One might think running botched WMD reports that got us into the Iraq war or getting a Pulitzer for lauding Stalin’s liquidation of five million kulaks might have constituted worse days — who knew? Pundits, academics, and politicians across the cultural mainstream seemed to agree with Watson, plunging into a days-long freakout over a meh editorial that shows little sign of abating.

“Appalling,” barked J-school professor Jeff Jarvis. “By the time the Times finally realizes what side it’s on, it may be too late,” screeched Philadelphia Inquirer columnist Will Bunch. “The board should retract and resign,” said journalist and former Planet Money of NPR fame founder Adam Davidson. “Toxic, brain-deadening bothsidesism,” railed Dan Froomkin of Press Watch, who went on to demand a retraction and a “mass resignation.” The aforementioned Watson agreed, saying “the NYT should retract this insanity, and replace the entire editorial board.” Not terribly relevant, but amusing still, was the reaction of actor George Takei, who said, “It’s like Bill Maher is now on the New York Times Editorial board.”

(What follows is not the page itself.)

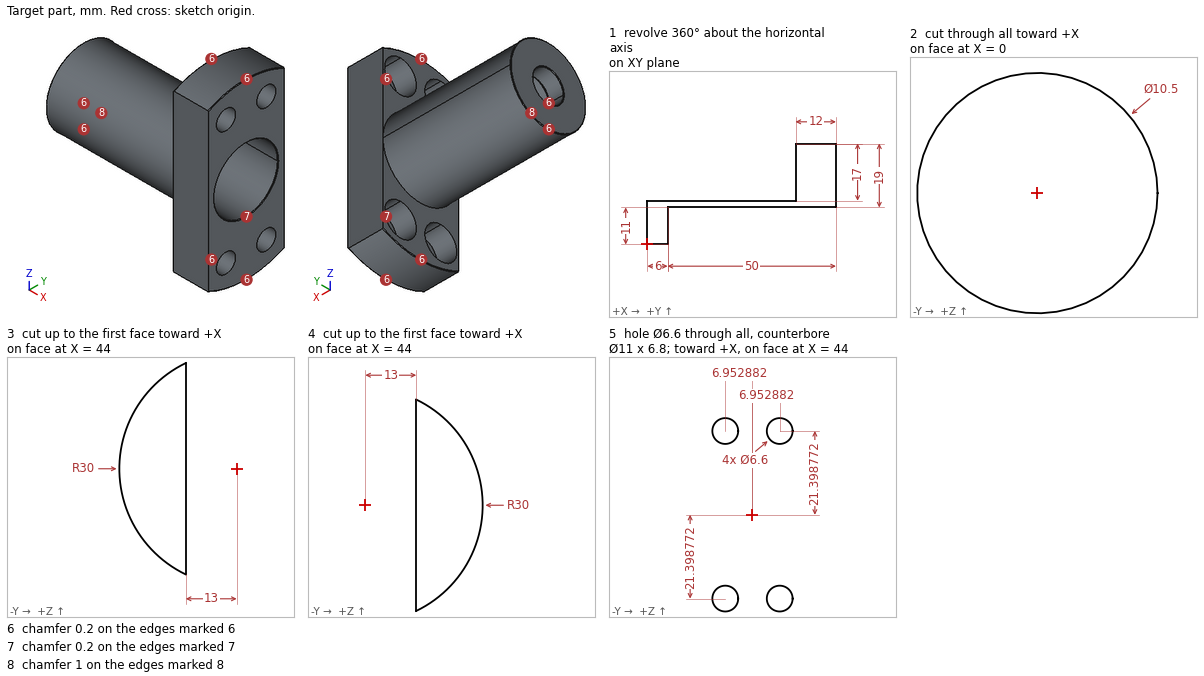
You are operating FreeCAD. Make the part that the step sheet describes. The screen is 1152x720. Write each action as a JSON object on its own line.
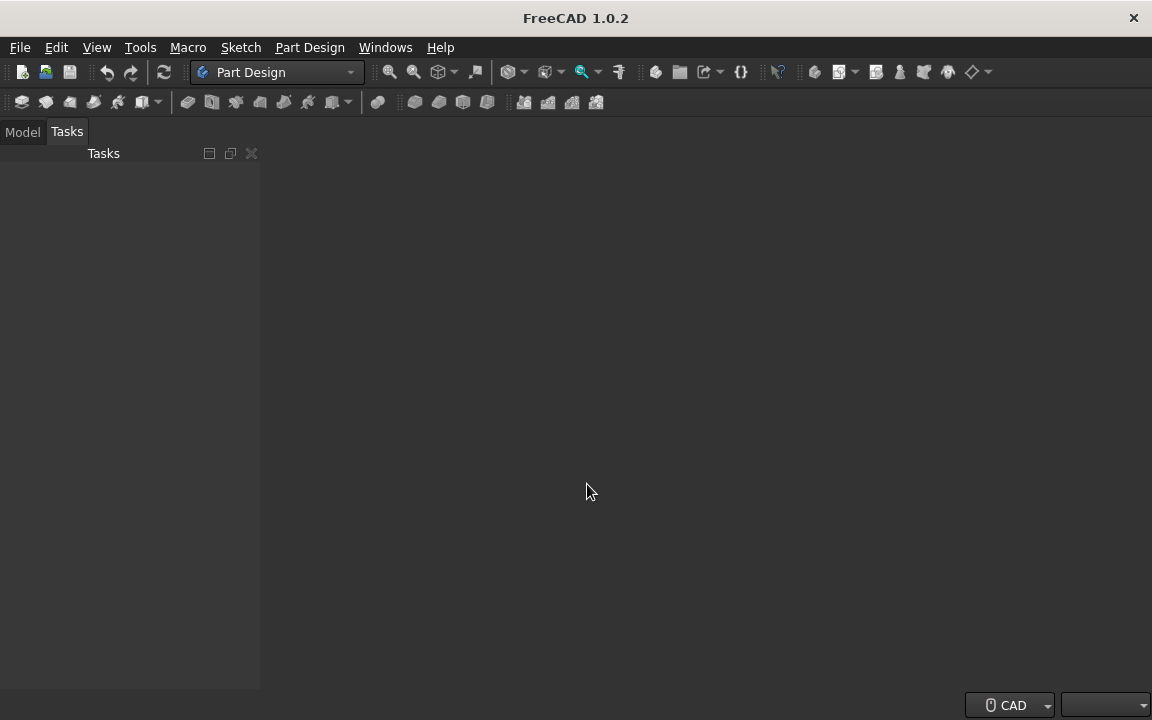
{"action": "left_click", "coordinate": [22, 72]}
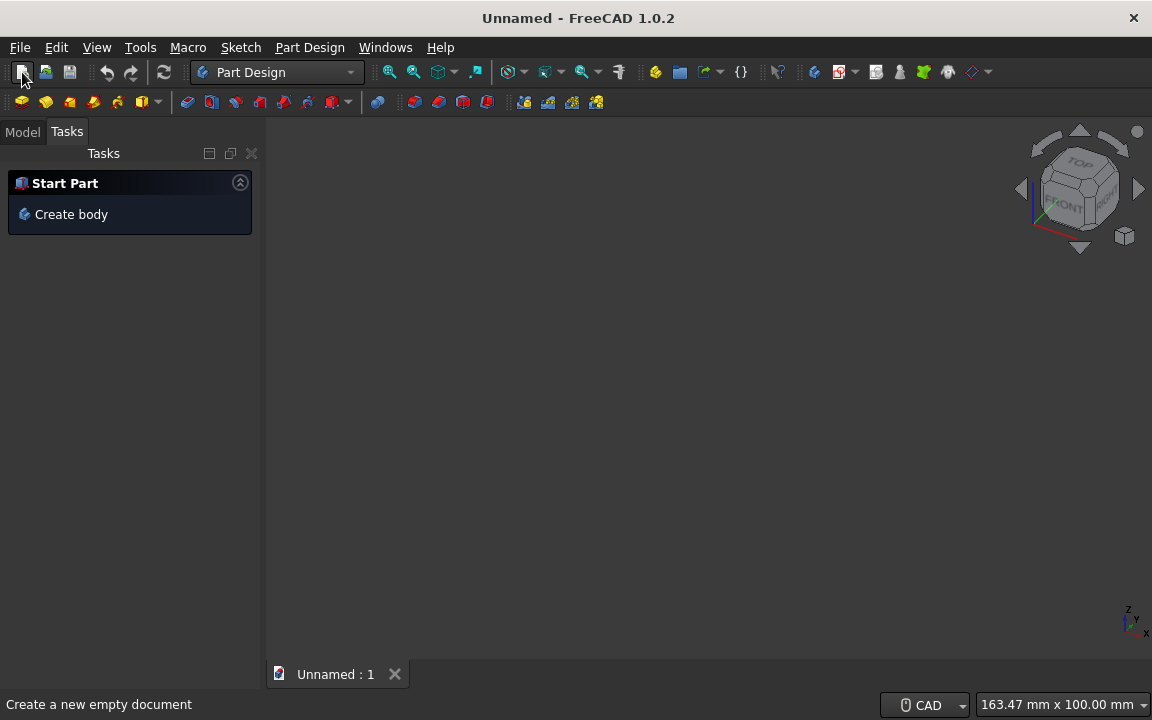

The main objection of most of the pilers-on involved the lede of the Times piece, which really was a maladroit piece of writing:

For all the tolerance and enlightenment that modern society claims, Americans are losing hold of a fundamental right as citizens of a free country: the right to speak their minds and voice their opinions in public without fear of being shamed or shunned.

There’s obviously no legal right in America to voice an opinion without being criticized, so this line is indeed an error and an embarrassing one, for a labored-over first line of a major New York Times editorial. On the other hand, a lot of great liberal thinkers decried shaming tactics as utterly opposite to the spirit of free speech, with John Stuart Mill’s warning of a “social tyranny more formidable than many kinds of political oppression” being just one example. So, while the Times technically screwed up, cheering shaming and shunning as normal and healthy elements of life in free societies is a pretty weird gotcha. In any case, this bollocksed lede introduced a piece that had been in the works for a while, and came complete with a poll the paper commissioned in conjunction with Siena College.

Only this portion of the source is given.